The fact that the only formal comparisons for AI systems that are ever done are explicitly based on the highest performing narrowly focused humans, tells me how unprepared society is for what’s happening.
Appreciate that: at the point in which there is unambiguous demonstration of superhuman level performance across all human tasks by a machine, (and make no mistake, that *is the bar that this blog post and every other post about AI sets*) it’s completely over for the human race; unless someone figures out an entirely new economic system.
The average person is bad at literally almost everything.
If I want something done, I'll seek out someone with a skill set that matches the problem.

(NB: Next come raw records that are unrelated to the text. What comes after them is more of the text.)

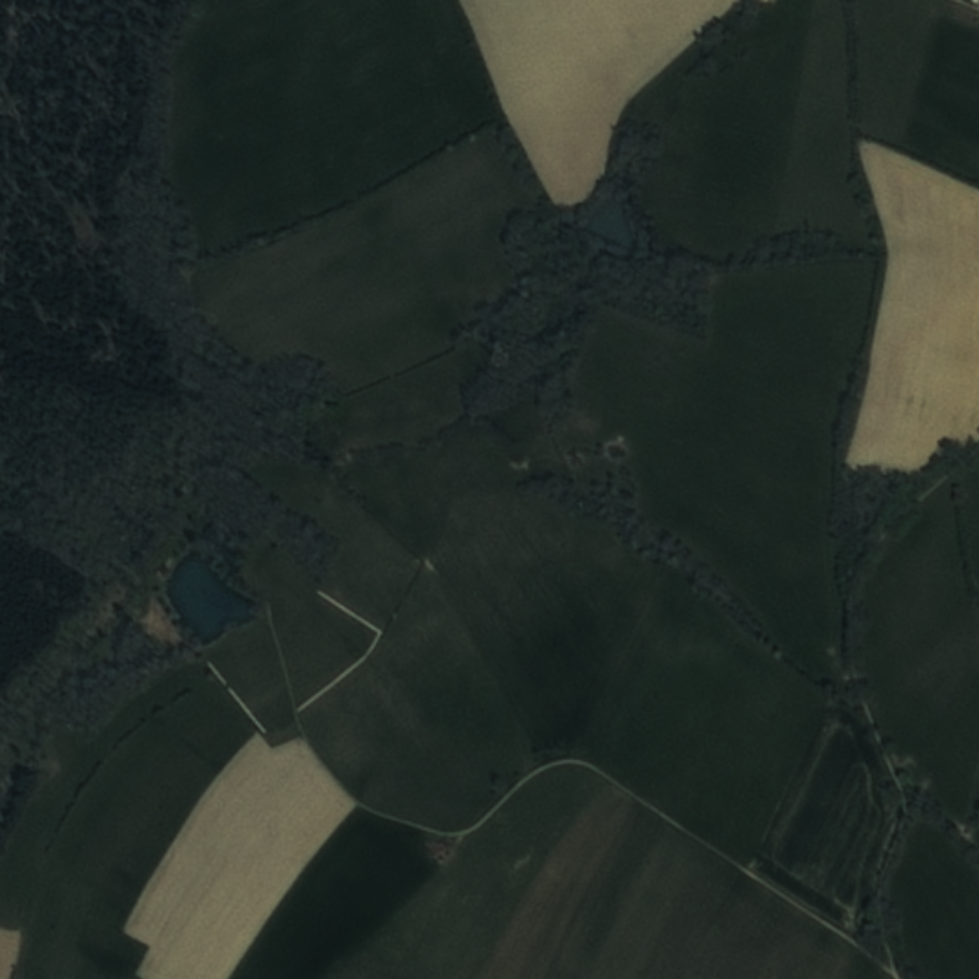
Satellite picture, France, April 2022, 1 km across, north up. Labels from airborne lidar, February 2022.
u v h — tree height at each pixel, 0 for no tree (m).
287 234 8
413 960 0
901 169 0
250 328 0
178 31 7
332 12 0
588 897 0
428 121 0
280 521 21
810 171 0
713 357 0
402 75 0
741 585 0
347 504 0
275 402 23
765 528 0
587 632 0
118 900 0
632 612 0
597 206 14
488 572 0
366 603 0
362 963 0
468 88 0
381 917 0
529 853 0
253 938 0
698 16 0
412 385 0
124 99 9
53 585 22
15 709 21
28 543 16
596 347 0
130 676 22
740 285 0
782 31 0
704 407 0
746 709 0
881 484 17
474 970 0
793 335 0
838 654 0
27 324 14
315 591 0
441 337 0
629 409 0
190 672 0
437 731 0
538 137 0
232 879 0
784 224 0
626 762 0
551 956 0
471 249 0
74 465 16
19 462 18
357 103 0
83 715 23
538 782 0
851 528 11
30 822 0
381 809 0
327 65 0
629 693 0
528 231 26
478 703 0
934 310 0
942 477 19
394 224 0
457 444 0
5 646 23
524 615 0
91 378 17
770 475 0
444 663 0
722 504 0
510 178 0
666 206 0
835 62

I don't want AI to be as good as an average person. I want AI to be better than the person I would go to for help. A person can talk with me, understand where I've misunderstood my own problem, can point out faulty assumptions, and may even tell me that the problem isn't even a problem that needs solving. A person can suggest a variety of options and let me decide what trade-offs I want to make.
If I don't trust the AI to do that, then I'm not sure why I'd use it for anything other than things that don't need to be done at all, unless I can justify the chance that maybe it'll be done right, and I can afford the time lost getting it done right without the AI afterwards.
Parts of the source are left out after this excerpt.